Center, where roughly two dozen other day laborers chatted and read,

48-year-old Apolinar Diaz raised a small, crumpled, blue scrap of paper

printed with the number 84 in the air. The 83 men in line before him

would have to be hired before he would have any chance to work.

“If I don’t work, I don’t eat,” Diaz said in his native Spanish. He

squinted, deepening the wrinkles on his forehead. “Me and the others are

willing to do the dirtiest, most dangerous work for very little money. We

won’t say no.”

The job center -- a city-sponsored kiosk on Placentia Avenue where day

laborers can legally solicit carpentry, moving, gardening and house

painting jobs for $5.75 to $15 dollars an hour -- is open daily from 6

a.m. to 2 p.m.

The City Council will discuss whether to close the center at 11 a.m. each

morning and entirely on Sundays at its budget meeting Monday. Doing so

would save the city an estimated $32,000 annually.
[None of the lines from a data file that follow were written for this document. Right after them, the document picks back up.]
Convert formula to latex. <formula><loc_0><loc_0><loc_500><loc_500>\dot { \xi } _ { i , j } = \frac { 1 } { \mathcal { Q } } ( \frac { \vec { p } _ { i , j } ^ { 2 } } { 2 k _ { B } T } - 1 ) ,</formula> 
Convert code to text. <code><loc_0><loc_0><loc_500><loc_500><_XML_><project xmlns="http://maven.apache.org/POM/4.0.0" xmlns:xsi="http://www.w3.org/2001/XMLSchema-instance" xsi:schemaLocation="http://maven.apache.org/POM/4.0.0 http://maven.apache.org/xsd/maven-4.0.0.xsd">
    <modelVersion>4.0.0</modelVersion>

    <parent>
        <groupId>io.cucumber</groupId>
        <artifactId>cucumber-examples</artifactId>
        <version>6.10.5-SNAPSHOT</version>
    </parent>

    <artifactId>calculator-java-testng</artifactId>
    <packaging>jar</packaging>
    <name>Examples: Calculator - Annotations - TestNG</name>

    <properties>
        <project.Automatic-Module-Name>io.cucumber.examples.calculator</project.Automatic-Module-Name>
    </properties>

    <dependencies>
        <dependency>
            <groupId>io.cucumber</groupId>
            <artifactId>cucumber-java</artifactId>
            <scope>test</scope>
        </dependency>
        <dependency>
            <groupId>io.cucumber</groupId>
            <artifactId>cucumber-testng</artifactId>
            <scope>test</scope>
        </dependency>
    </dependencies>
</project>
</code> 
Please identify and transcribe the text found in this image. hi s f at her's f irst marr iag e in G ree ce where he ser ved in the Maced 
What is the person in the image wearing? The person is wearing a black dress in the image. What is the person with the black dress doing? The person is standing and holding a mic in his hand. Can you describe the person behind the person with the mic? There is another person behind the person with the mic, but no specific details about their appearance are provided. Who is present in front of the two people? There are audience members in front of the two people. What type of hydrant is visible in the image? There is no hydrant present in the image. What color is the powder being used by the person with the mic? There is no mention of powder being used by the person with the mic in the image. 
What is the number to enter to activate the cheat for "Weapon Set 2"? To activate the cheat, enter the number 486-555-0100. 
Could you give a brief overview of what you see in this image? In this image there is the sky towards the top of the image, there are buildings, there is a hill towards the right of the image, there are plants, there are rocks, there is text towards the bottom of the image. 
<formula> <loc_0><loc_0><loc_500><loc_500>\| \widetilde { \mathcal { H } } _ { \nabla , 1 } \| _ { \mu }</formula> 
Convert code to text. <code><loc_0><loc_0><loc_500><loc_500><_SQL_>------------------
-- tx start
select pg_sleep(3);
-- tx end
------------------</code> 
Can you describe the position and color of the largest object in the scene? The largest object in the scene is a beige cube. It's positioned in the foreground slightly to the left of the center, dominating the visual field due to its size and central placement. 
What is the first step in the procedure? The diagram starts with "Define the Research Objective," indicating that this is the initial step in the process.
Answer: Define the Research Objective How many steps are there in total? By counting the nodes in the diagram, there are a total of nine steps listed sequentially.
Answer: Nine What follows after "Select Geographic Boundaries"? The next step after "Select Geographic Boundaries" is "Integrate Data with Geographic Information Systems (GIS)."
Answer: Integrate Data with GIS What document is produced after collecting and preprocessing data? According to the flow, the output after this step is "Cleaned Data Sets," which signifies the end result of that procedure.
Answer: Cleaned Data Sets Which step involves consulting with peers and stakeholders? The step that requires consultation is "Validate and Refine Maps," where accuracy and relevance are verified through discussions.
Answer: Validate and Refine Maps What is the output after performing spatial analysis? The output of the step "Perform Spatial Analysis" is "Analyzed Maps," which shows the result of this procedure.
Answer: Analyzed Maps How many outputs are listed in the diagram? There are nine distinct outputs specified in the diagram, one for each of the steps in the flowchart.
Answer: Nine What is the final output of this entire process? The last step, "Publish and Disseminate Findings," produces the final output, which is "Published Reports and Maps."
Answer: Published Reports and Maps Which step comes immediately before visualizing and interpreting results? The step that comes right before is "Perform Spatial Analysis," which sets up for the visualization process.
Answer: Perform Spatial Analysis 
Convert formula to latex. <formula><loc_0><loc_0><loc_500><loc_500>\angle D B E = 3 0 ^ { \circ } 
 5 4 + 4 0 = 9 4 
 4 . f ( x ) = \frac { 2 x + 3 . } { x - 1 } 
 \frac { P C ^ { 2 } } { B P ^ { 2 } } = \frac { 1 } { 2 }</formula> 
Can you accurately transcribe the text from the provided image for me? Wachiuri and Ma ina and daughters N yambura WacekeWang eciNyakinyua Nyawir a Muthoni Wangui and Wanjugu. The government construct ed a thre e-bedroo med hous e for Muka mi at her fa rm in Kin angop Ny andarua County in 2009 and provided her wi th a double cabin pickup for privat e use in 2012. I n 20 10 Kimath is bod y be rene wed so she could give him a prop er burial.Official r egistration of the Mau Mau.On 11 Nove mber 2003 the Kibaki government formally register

The move would restore the center to its original hours, which the

council expanded in January. A new Home Depot store opened on Harbor

Boulevard and the council anticipated day laborers seeking work from

shopping contractors would flock to it and intimidate customers.

Another Home Depot just across the Santa Ana city border on Harbor

Boulevard experienced such problems.

“In my experience, there hasn’t been a day laborer problem in Costa Mesa,

so we should cut back hours,” said City Councilman Joe Erickson.

But everyone waiting for work at the job center Thursday -- and the two

city employees who supervise its operation -- said the city would

preclude dozens of workers from finding work each day if it cut the

center’s hours.

“We’ll be out on the corners, parks and in 7-Elevens,” said Richard

Grisham, a day laborer who has sought work at the center for more than 12

years. “I don’t think the council wants that.”

Each morning, nearly 200 men are lined up at the job center by 6 a.m.

Those in front of the line get the first choice of jobs. Many arrived

hours earlier to ensure employment.

On Thursday, between 11 a.m. and noon, at least seven employers hired

more than 15 laborers.

“It wouldn’t be fair to the people searching for work or the workers if

the city cut back on hours,” said Jovita Guthrie, who helps run the

center.

City officials said they would wait to see if more day laborers have been

frequenting the center since January before recommending that the council

reduce its hours.

But Diaz, who after eight years of seeking work at the center has become

an unofficial leader and spokesman for the workers, wants the council to

listen to the laborers -- who are also constituents.

“Do it for us and do it for the people who want cheap, quality labor,” he

said. “We provide a service. We are important. We live in Costa Mesa.”